According to the second aspect of the present invention, the cycle of the clock signal is set to a divisor of the timer time in the timer instruction executed by the main CPU, so that the cycle in which the main CPU becomes operable is for the timer instruction. This coincides with the period of time measurement, and there is an effect that such time measurement can be easily performed with predetermined accuracy. According to a third aspect of the present invention, the communication speed of the data communication in the serial control unit is 19200 bits per second, and the data length of the delimited data is 10 bits or more, and the cycle of the clock signal is about 500 μsec. , Lord C
Since the PU returns to the operable state about every 500 μsec,
Even in the above communication format in which the serial control unit issues an interrupt request every 520.8 μsec at the shortest, the data transfer process can be efficiently performed without using the DMA controller.

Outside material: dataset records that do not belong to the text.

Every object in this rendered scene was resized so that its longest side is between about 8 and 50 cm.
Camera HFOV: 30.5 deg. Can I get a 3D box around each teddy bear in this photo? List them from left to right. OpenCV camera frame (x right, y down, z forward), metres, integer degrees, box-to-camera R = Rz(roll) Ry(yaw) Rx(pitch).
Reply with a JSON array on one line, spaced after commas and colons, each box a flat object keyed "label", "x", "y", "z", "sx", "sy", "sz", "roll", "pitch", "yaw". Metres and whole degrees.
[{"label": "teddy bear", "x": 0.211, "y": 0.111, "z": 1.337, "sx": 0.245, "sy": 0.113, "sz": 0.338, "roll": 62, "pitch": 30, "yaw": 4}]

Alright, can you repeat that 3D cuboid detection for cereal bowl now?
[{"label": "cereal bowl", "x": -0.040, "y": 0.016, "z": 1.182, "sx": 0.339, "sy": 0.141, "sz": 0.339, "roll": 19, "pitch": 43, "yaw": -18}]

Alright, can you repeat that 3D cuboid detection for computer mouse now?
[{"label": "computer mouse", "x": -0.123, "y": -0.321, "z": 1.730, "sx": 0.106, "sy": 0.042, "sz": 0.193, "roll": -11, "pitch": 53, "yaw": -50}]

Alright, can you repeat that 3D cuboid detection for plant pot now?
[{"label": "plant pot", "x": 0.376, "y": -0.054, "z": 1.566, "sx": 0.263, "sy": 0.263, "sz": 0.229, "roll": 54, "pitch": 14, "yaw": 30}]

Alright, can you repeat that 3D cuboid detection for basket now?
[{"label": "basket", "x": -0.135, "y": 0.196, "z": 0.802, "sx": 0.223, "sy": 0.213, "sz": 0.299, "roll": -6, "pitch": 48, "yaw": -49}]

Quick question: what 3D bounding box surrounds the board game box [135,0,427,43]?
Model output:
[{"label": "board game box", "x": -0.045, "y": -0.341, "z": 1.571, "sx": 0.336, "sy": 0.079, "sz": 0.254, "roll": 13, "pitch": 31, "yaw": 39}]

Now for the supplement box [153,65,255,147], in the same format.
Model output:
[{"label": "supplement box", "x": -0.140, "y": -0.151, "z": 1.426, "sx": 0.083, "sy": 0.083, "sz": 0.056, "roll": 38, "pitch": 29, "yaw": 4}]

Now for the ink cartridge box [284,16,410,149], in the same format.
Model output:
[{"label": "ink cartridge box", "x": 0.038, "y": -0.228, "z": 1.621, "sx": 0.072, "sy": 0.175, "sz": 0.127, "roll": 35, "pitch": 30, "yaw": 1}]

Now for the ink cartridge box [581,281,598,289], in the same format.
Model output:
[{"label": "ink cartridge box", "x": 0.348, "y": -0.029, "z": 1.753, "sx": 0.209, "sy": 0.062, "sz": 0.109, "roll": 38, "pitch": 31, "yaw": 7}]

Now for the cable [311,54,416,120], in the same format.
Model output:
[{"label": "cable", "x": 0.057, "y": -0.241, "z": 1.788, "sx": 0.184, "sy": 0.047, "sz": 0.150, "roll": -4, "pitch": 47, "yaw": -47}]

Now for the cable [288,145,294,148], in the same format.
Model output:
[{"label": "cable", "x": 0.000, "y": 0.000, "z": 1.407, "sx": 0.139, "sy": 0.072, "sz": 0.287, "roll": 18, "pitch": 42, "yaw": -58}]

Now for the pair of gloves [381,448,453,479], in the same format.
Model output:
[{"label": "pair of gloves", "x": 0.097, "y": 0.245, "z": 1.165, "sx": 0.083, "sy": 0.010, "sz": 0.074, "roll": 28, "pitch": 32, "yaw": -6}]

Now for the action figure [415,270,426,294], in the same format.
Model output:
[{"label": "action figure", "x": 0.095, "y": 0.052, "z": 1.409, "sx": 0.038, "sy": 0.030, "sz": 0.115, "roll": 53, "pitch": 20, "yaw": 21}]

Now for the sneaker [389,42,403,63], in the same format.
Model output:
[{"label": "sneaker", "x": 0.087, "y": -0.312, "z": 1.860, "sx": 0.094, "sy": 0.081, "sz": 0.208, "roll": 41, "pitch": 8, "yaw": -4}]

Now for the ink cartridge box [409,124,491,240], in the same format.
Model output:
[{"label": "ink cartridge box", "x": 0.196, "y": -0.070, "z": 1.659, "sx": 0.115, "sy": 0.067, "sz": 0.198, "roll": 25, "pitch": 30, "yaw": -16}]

[Brief description of drawings]

FIG. 1 is a block diagram showing an embodiment.

FIG. 2 is a flowchart for explaining the operation of the above.

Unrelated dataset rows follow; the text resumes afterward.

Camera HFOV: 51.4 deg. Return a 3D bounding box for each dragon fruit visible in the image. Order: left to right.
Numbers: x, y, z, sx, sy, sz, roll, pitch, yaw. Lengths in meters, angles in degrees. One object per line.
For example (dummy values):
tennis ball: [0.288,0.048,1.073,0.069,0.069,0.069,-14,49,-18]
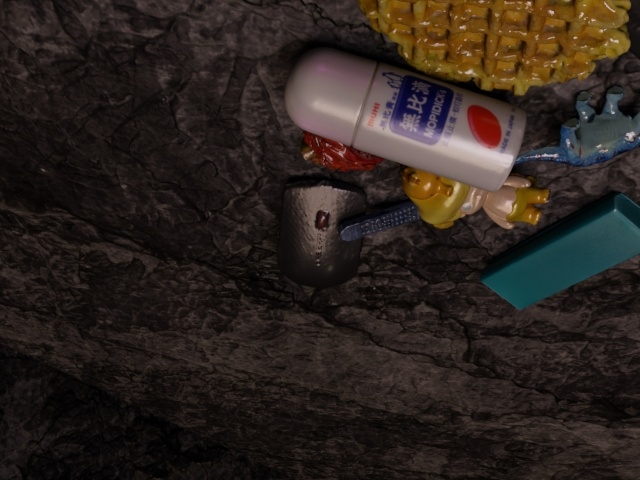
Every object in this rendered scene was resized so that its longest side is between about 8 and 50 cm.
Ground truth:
dragon fruit: [0.022,-0.147,1.091,0.162,0.083,0.106,35,138,-31]

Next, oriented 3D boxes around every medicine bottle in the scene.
medicine bottle: [0.113,-0.181,0.964,0.340,0.130,0.130,19,142,2]

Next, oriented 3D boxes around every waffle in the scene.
waffle: [0.208,-0.285,0.822,0.302,0.068,0.324,30,157,-28]

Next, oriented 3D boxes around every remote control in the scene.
remote control: [0.105,-0.036,1.208,0.152,0.027,0.044,-16,127,-4]

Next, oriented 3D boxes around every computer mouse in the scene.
computer mouse: [0.000,0.005,1.276,0.168,0.087,0.295,5,140,1]

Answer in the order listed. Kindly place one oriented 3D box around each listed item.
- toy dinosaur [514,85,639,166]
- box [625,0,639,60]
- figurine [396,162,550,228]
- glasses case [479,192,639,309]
toy dinosaur: [0.412,-0.160,0.979,0.328,0.076,0.144,-9,136,-2]
box: [0.426,-0.349,0.740,0.288,0.073,0.290,32,139,-25]
figurine: [0.242,-0.087,1.079,0.246,0.131,0.157,17,107,-6]
glasses case: [0.443,0.021,1.214,0.117,0.070,0.301,35,138,-19]

FIG. 3 is a flowchart for explaining the operation of the above.

FIG. 4 is a flowchart for explaining the operation of the above.

FIG. 5 is a flowchart for explaining the operation of the above.

FIG. 6 is a block diagram showing a conventional example.

FIG. 7 is a flowchart for explaining the operation of the above.

[Explanation of symbols] 1 main CPU 2 dedicated CPU 3 serial control unit 4 timer unit 5 memory unit 6 address data bus 7 interrupt control unit

Claims (3)

[Claims] 1. A main C for executing a program and performing arithmetic processing.
The CPU includes a PU and a dedicated CPU that substitutes specific arithmetic processing among the arithmetic processing performed by the main CPU in response to a command from the main CPU. The dedicated CPU is provided while performing the specific arithmetic processing. Putting the main CPU into an inoperative state,
When the specific arithmetic processing is completed, or when it becomes necessary to perform arithmetic processing other than the specific arithmetic processing, or when a stop request signal is input from the outside, the main C
In a programmable controller configured to release the operation stop state of a PU, a serial control unit that performs data communication with an external device and issues an interrupt request to the main CPU every time a predetermined segment of data is received; Transfer control is performed by a timer unit that generates a clock signal for operating the CPU and outputs the clock signal as the stop request signal to the dedicated CPU, and the main CPU that receives an interrupt request from the serial control unit. And a memory unit for storing data received from an external device, and the cycle of the clock signal is set to a value equal to or less than a reception time required to receive the delimited data in the serial control unit. And programmable controller. 2. The programmable controller according to claim 1, wherein a cycle of the clock signal is set to a divisor of a timer time in a timer instruction executed by the main CPU. 3. The serial control unit has a data communication speed of 19200 bits per second, and the data length of the delimiter data is 10 bits or more, and the cycle of the clock signal is about 500 μsec. The programmable controller according to claim 2.